Financial advisor Jeffrey Jeter was talking to a tough crowd at the Fountain City Business and Professional Association meeting Aug. 8. But they weren’t tough in the way you might think. Instead of having a group of small business owners to whom he could extol the virtues of wise financial planning, he was talking to a group of bankers, insurance agents and legal professionals.
You could say he was preaching to the choir.
Jeter’s presentation was all about business owners leaning too heavily on their businesses as retirement income and inheritance for their heirs. The takeaway was simple: your business is worth what someone will pay for it. And there are plenty of pitfalls along the way.
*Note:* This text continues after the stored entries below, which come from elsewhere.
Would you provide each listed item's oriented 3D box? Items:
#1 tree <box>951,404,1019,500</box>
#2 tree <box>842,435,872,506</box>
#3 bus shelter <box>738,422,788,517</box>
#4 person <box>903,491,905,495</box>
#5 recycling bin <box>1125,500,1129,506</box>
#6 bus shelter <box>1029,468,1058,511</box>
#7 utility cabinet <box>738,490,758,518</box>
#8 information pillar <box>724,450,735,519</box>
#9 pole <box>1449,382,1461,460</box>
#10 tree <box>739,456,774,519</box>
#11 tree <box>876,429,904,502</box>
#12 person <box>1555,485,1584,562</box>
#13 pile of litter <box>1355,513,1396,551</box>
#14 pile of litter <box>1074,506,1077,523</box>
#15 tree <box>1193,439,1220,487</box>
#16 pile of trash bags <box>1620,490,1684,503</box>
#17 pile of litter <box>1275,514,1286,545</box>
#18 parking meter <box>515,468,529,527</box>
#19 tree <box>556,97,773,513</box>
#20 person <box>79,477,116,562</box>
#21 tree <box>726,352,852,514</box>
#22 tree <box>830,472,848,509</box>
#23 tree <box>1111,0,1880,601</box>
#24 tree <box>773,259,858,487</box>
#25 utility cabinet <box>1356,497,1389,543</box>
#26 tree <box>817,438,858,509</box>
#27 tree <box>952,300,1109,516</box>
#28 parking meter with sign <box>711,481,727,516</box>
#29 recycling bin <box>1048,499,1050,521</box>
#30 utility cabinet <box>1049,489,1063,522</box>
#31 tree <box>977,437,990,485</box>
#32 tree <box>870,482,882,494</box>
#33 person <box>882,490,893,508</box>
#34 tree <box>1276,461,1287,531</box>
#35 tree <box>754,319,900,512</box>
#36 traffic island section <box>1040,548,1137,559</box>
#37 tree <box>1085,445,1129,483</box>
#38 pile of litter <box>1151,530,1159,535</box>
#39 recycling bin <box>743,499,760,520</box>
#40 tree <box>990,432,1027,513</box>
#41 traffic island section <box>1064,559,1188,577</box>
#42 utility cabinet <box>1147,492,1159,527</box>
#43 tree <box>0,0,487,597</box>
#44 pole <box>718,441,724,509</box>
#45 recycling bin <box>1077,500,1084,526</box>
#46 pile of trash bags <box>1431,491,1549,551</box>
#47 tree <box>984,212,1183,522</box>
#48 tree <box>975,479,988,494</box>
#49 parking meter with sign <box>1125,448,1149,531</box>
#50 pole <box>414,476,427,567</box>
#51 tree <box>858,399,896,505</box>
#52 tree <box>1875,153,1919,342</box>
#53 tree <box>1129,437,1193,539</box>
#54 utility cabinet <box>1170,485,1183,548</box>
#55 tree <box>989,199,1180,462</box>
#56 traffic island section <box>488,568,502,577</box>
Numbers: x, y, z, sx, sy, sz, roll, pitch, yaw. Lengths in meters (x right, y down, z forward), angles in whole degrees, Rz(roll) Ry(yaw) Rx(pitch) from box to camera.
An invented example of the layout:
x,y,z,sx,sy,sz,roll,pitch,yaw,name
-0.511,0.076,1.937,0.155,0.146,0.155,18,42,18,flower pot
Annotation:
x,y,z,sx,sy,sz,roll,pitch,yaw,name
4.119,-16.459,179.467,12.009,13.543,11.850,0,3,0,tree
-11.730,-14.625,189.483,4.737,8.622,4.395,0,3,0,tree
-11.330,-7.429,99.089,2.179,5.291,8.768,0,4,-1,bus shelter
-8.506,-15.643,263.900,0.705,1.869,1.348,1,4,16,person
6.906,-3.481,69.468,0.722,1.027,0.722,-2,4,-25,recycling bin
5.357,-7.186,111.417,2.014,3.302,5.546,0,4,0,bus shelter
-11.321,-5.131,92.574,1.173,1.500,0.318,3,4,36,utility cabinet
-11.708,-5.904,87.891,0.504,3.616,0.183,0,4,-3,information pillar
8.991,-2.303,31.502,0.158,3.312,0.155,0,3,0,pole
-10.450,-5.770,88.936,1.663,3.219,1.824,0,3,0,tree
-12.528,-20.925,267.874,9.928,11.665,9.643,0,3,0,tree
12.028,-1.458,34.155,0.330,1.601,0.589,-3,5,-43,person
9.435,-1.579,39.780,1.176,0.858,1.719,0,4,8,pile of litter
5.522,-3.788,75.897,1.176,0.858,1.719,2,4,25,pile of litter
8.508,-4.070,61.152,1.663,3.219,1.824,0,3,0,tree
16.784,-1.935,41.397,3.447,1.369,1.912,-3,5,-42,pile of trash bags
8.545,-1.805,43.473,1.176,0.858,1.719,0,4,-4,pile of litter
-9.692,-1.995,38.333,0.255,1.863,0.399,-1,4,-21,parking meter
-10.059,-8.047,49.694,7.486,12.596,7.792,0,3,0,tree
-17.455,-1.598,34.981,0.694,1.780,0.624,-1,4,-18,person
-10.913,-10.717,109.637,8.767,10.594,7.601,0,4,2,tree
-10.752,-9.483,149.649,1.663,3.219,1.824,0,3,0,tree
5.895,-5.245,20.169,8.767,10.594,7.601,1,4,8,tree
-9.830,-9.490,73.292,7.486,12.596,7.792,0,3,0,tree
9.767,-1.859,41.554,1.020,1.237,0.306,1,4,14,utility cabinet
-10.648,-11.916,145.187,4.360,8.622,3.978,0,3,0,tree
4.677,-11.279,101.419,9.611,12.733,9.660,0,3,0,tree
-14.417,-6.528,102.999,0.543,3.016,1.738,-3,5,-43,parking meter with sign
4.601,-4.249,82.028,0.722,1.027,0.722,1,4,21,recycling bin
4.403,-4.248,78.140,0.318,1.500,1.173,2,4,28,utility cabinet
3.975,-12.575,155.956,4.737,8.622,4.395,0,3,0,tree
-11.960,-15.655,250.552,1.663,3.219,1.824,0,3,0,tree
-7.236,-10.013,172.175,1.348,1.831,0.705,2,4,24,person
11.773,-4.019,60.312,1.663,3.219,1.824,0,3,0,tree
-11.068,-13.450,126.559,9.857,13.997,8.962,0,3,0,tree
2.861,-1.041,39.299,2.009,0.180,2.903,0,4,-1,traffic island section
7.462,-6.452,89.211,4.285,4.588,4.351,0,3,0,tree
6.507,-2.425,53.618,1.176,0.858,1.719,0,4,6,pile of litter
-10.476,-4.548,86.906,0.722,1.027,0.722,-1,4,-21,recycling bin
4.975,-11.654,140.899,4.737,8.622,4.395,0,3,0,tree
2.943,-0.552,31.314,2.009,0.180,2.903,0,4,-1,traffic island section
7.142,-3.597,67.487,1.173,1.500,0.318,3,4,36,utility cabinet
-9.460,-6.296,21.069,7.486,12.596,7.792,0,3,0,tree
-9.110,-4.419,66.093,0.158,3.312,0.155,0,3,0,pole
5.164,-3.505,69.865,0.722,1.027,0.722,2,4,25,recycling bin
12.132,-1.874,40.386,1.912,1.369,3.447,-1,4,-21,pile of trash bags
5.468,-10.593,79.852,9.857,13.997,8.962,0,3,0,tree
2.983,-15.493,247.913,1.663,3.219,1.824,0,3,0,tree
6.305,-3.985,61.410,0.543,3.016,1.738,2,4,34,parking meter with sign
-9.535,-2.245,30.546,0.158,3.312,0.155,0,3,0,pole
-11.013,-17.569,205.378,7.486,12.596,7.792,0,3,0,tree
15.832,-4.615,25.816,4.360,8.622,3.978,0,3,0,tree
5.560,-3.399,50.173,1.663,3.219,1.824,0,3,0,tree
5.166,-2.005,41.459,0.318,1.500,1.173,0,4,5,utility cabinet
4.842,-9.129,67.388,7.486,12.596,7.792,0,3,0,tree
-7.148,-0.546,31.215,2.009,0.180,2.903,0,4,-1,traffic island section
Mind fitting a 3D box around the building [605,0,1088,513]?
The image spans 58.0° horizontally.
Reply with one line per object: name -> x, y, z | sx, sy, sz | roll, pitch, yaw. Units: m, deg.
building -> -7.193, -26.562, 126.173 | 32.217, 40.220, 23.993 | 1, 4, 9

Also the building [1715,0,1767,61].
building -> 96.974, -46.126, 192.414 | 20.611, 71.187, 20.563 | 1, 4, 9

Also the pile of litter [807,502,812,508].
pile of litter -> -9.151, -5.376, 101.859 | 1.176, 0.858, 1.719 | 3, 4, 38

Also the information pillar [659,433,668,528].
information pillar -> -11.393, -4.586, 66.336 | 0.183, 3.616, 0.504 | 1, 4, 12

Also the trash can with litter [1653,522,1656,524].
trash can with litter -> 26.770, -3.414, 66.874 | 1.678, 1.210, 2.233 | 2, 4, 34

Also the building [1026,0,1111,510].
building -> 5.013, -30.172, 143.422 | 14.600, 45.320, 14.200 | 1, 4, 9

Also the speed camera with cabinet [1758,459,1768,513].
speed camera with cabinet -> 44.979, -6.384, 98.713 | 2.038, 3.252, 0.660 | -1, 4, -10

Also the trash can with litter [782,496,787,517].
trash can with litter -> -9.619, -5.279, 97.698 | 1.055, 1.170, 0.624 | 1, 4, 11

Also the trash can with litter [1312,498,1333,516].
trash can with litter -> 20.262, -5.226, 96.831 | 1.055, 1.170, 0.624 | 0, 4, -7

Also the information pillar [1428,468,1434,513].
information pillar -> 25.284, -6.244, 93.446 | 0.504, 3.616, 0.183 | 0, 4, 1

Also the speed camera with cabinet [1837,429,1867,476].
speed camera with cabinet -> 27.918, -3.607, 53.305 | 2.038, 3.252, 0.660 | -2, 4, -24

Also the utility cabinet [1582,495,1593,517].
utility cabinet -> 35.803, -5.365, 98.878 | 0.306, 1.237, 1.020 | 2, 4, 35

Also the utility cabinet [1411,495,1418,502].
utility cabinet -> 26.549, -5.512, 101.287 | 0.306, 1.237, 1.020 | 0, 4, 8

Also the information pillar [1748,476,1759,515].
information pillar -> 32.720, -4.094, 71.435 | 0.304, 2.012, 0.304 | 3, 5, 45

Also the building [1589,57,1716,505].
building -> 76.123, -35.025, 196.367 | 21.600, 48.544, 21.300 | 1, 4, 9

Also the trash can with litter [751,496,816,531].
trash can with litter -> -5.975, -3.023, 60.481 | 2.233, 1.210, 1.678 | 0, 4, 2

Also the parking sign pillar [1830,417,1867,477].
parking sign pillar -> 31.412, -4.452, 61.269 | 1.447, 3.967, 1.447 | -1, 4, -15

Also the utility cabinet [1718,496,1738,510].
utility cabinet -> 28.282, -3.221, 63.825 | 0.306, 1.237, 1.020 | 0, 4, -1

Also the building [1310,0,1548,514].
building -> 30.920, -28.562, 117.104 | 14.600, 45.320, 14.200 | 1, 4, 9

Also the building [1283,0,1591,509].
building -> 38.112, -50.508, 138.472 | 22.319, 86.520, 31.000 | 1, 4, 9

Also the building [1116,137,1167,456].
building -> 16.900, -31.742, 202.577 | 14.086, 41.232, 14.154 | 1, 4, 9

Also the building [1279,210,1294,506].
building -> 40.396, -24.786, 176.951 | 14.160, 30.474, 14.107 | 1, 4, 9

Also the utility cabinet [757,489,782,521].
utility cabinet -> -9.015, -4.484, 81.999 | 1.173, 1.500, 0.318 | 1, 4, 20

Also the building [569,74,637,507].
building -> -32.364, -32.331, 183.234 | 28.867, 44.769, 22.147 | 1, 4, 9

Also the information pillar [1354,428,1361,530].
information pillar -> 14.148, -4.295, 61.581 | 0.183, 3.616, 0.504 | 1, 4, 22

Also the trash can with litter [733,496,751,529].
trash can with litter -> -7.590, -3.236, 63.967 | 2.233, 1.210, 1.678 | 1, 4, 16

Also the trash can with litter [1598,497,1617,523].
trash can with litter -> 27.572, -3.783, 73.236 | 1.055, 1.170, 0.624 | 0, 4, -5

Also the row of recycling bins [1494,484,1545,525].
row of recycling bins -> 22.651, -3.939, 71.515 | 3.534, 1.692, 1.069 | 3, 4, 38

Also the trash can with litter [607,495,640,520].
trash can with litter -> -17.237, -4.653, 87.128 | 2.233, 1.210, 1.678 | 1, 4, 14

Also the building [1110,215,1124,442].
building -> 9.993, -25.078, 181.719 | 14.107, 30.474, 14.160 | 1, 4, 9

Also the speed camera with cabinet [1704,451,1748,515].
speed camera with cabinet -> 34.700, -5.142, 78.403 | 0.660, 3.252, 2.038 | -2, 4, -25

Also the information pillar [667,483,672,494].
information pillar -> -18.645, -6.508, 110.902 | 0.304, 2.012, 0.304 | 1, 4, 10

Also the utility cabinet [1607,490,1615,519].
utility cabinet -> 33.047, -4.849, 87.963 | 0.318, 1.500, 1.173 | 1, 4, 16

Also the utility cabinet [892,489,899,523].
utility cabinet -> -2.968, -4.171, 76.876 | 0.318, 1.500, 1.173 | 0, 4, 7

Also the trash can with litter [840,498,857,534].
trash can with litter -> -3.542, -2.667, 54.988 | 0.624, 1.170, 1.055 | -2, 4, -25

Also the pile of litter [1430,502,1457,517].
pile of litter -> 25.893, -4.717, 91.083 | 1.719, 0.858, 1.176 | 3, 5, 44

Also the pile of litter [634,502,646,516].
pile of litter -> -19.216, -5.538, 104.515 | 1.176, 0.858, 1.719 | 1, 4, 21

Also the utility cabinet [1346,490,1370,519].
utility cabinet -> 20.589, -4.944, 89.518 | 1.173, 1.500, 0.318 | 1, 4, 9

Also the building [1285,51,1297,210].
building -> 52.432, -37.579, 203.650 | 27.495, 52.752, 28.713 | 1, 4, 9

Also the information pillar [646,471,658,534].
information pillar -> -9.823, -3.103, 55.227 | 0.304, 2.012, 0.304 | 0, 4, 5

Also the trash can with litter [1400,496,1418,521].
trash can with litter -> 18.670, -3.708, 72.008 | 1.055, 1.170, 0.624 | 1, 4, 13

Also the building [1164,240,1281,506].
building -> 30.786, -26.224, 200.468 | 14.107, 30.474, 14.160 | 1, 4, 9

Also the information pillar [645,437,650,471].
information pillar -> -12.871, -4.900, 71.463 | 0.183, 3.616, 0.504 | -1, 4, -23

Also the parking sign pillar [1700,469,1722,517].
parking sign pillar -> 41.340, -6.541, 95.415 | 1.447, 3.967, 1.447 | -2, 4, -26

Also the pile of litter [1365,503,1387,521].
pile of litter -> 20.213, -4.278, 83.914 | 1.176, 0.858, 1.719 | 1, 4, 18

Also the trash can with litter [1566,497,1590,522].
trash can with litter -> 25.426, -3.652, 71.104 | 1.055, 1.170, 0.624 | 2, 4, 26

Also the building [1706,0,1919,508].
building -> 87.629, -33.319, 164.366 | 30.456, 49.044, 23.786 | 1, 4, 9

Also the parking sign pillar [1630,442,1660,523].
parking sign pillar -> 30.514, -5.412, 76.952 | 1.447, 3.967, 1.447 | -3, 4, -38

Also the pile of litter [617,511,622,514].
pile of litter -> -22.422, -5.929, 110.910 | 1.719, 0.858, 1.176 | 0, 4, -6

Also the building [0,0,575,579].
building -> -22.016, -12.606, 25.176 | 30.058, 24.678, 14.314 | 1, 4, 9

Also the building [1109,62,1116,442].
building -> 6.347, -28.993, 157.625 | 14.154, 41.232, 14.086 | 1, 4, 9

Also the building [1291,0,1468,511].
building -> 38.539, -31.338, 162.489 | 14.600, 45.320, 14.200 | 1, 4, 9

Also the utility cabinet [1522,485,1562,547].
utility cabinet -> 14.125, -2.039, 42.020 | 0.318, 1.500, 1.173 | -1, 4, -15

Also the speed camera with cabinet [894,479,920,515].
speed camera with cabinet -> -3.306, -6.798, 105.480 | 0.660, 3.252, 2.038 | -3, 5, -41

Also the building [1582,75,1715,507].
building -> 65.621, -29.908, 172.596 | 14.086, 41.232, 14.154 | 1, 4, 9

“We can’t build a plan on anything but money in the bank,” he said. “Whatever it is that you think is worth $1 million, it’s only worth $1 million to the owner.”
He used the example of his purple, imported leather shoes, asking folks what they would pay for them. He paid $34.95, a big discount, but someone in the audience said $0. That person was Commercial Bank vice president John Fugate, who had some wise words to add.
Back in the 1970s, Fugate bought a business, put $200,000 of his own money into it, then had to sell during a time when interest rates were 21 percent.
“I couldn’t give it away,” Fugate said. “When they’re doing good, all they can see is expanding. They can’t see putting some of that money back. It’s like the hog sitting under the acorn tree. He never looks up to see where the acorns come from, and sooner or later they run out.”
Penny Kleinschmidt of State Farm added her own experiences to the issue.
“We’re all guaranteed to die sometime,” she said. “I have never delivered a life insurance check where someone told me it was too much money.”